Wisconsin’s upper half is filled with roads like this:

Narrow strips of asphalt and concrete wind their way through woods of towering pines, oaks, and birches. Turkey, deer, ravens, and squirrels keep a mindful watch of the roads we meager humans travel, feeding in the nearby grass and trees, unafraid to cross what little land we claim for our own. The North Woods may have its cabins and towns, but make no mistake–it is a wild place of bears and coyotes, wolves and cougars. It is not a place for wandering off the known paths.

Yet it is so very tempting, especially when someone has been there before…

I don’t know what it is about ropes, chains, and logs being used to mark a territory, but they always make me smile. I suppose it’s because they assume we Wisconsinites are polite folk adequately deterred by a rope. “Someone put up a rope? Well, I can’t go there, then.” It’s just a rope, not barbed wire.
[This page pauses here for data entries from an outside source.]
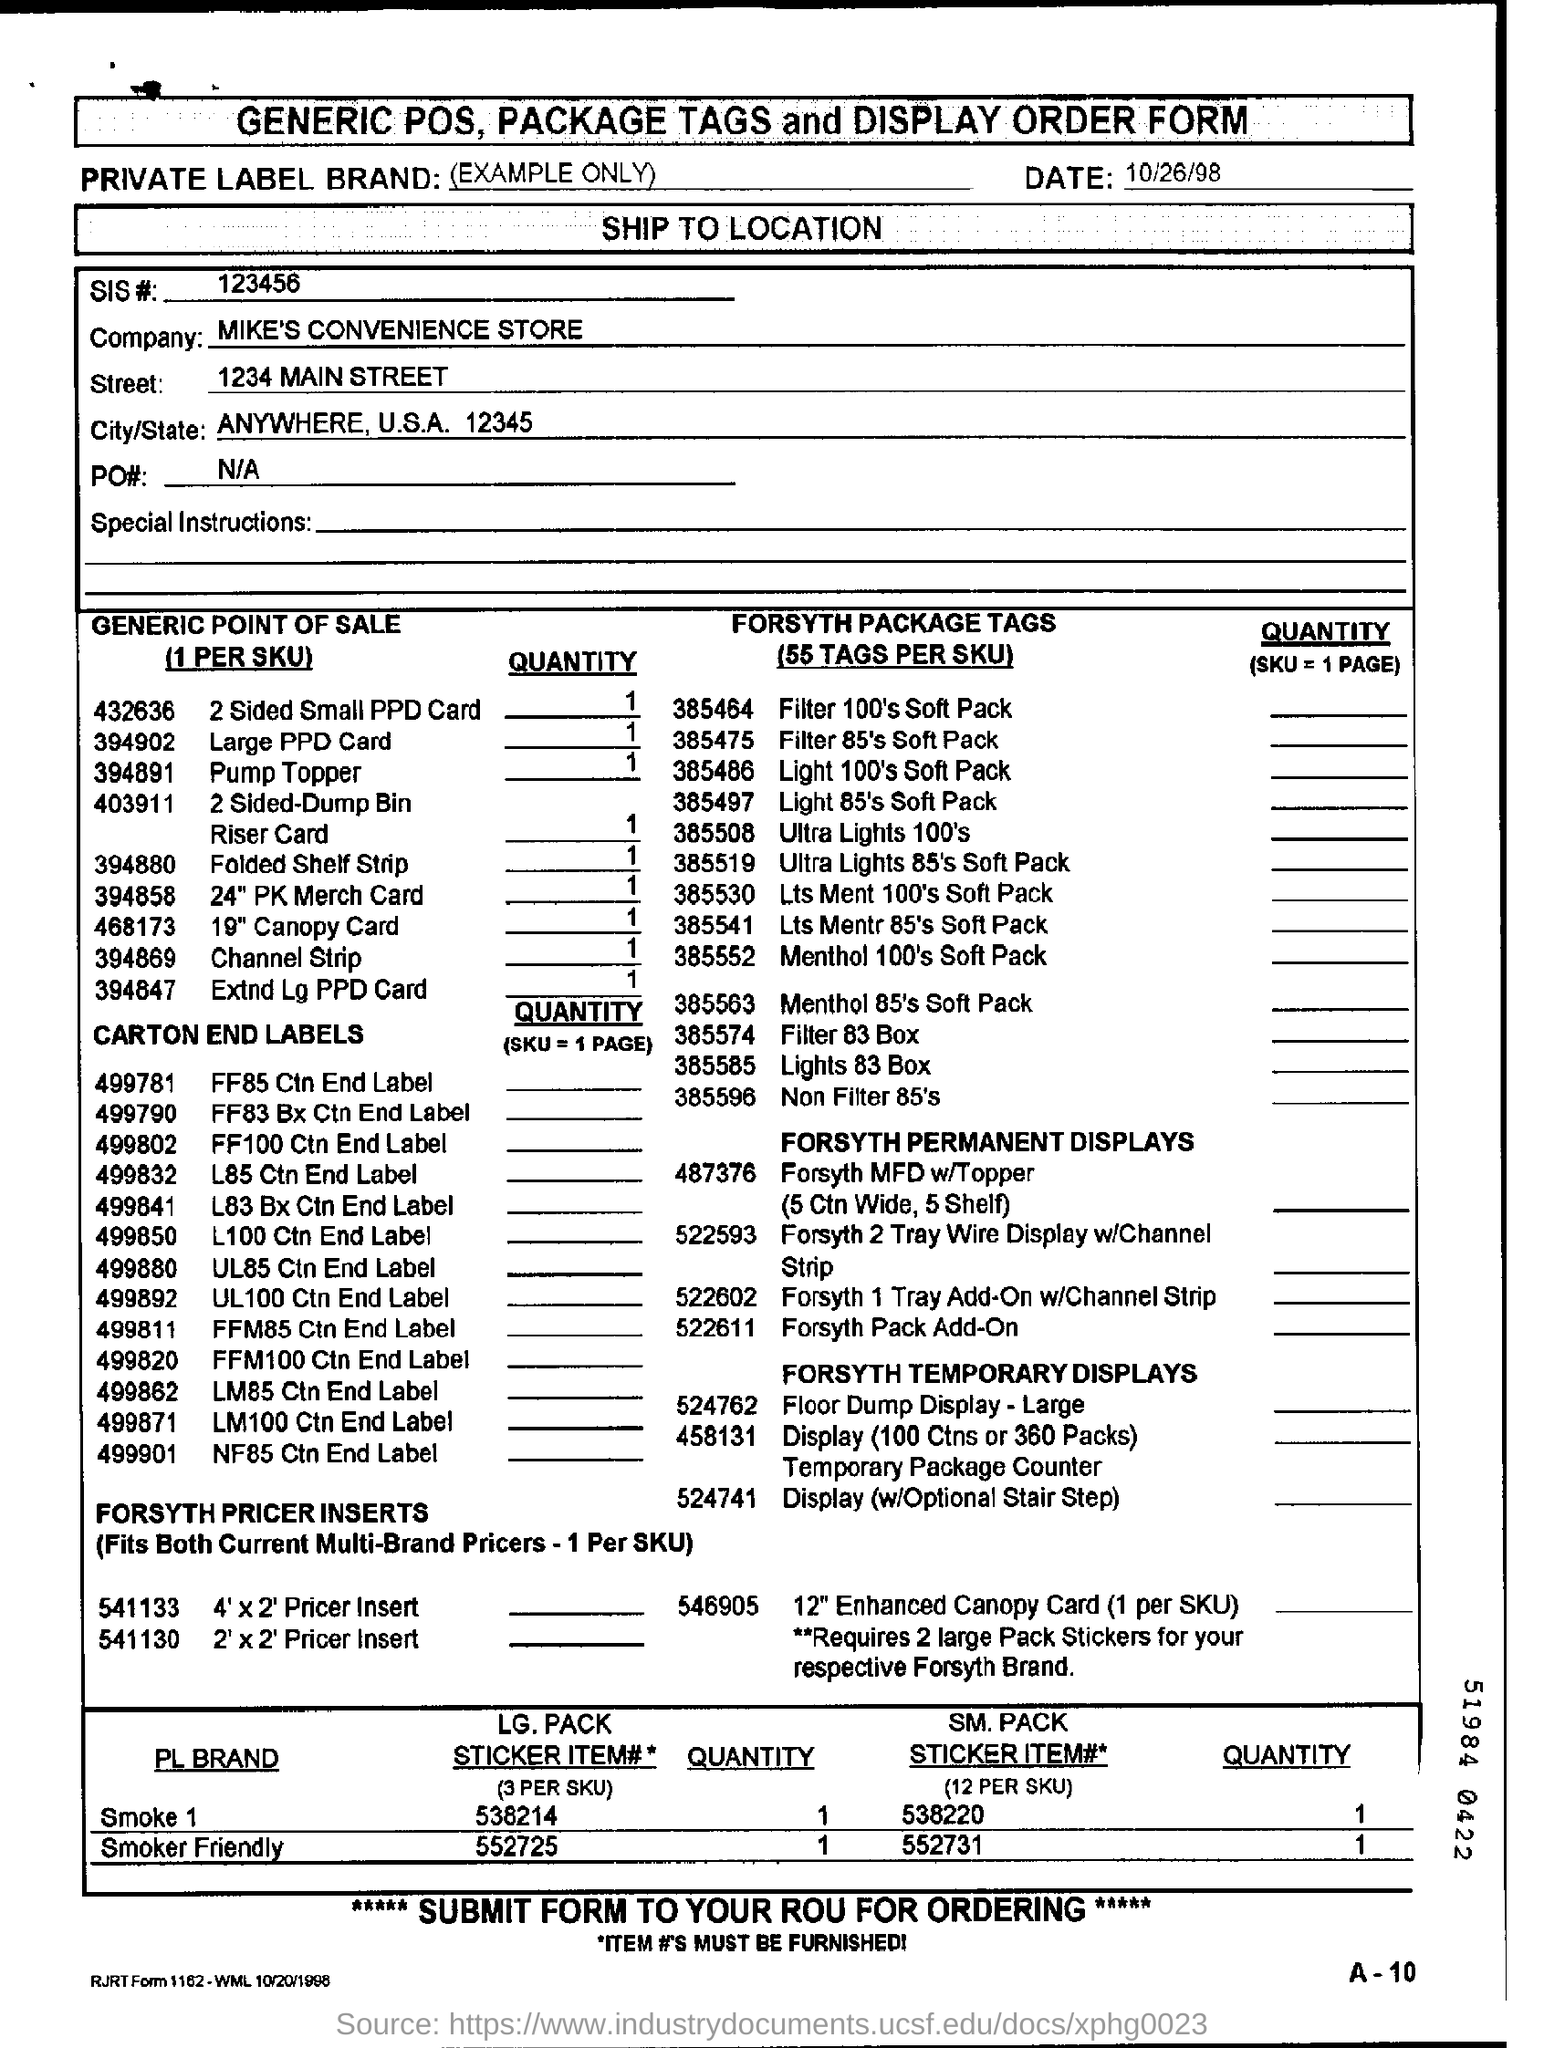Indicate a few pertinent items in this graphic. The SIS number is 123456... MIKE'S CONVENIENCE STORE is a company that operates a retail establishment that offers a variety of goods and services, including groceries, snacks, and household items. The date on the form is 10/26/98. 
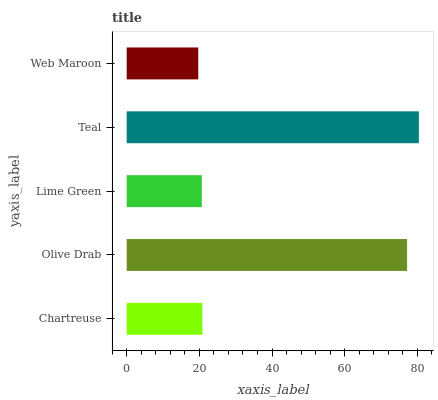Is Web Maroon the minimum?
Answer yes or no. Yes. Is Teal the maximum?
Answer yes or no. Yes. Is Olive Drab the minimum?
Answer yes or no. No. Is Olive Drab the maximum?
Answer yes or no. No. Is Olive Drab greater than Chartreuse?
Answer yes or no. Yes. Is Chartreuse less than Olive Drab?
Answer yes or no. Yes. Is Chartreuse greater than Olive Drab?
Answer yes or no. No. Is Olive Drab less than Chartreuse?
Answer yes or no. No. Is Chartreuse the high median?
Answer yes or no. Yes. Is Chartreuse the low median?
Answer yes or no. Yes. Is Web Maroon the high median?
Answer yes or no. No. Is Olive Drab the low median?
Answer yes or no. No. 
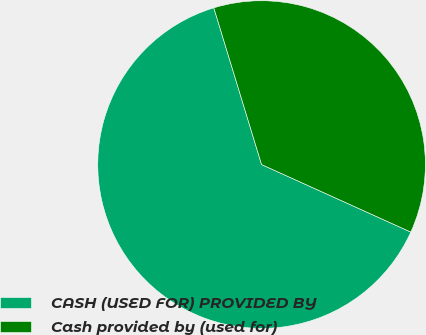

All it would take is a little slip under.

Not that my goody-goods of kiddos would allow it. “You can’t go in there, Mom!” Blondie says. “It says no trespassing!” Bash says. “Can I call the police now and tell them what your’e doing?” Biff asks. This then devolved into who would get to talk to the police officer, who would get to sit in the driver’s seat of the police car, who would get to use the radio, aaaaaaaand I didn’t get to cross over. Probably for the best–I don’t want them wandering off where wolves will happily greet children with toothy grins. But oh, my friends, that desire to explore was so very strong, for magic buzzed among the cicadas and dragonflies that day. And who doesn’t feel the magic when surrounded by trees so tall the sun only greets your face at midday? Who doesn’t follow the herons’ call as they soar overhead? Who doesn’t sit upon the lakeshore to watch the eagles swoop across the water to pluck thrashing fish with their talons? Who doesn’t feel their spirit glow green as the moss upon the rocks, eager for the North Woods to burn bright crimson, orange, and yellow in the coming autumn?

All it takes is a willfulness to cross into the forbidden.

It’s the start of so many beloved stories, isn’t it? The Father in Beauty and the Beast is a classic example, or Alice crawling into the White Rabbit’s hole in Alice in Wonderland. Many of Diana Wynne Jones’ stories involve crossing into new lands and/or worlds, be it Deep Secret, House of Many Ways, Fire and Hemlock…heavens, there’s a lot. The first that came to mind, though, was Enchanted Glass. The entire story revolves around Aidan and Andrew defining the invisible boundaries of Andrew’s “field-of-care” bestowed upon him by his wizard grandfather so they can determine who’s siphoning magic away for their own purpose. In Naomi Novik’s Uprooted, Agnieszka defies village law and enters The Wood, a place full of cursed, angry magic, to rescue her best friend. In Peadar Ó Guilín’s The Call, Faerie re-define their own borders by surrounding the Emerald Isle in a timeless fog. Nessa and other youth must face The Call, that moment when they are transported into the Faerie realm, or find that access point to the realm first. The mound Nessa finds that marks the entry point reminded me of the mound Camilla Bruce creates in You Let Me In (a wonderful review by fellow indie author S.J. Higbee put me on to this dark adventure). The protagonist Cassandra has been involved with Faerie all her life, and in this moment she describes that initial crossing from “her path” to the Faerie path to the mound.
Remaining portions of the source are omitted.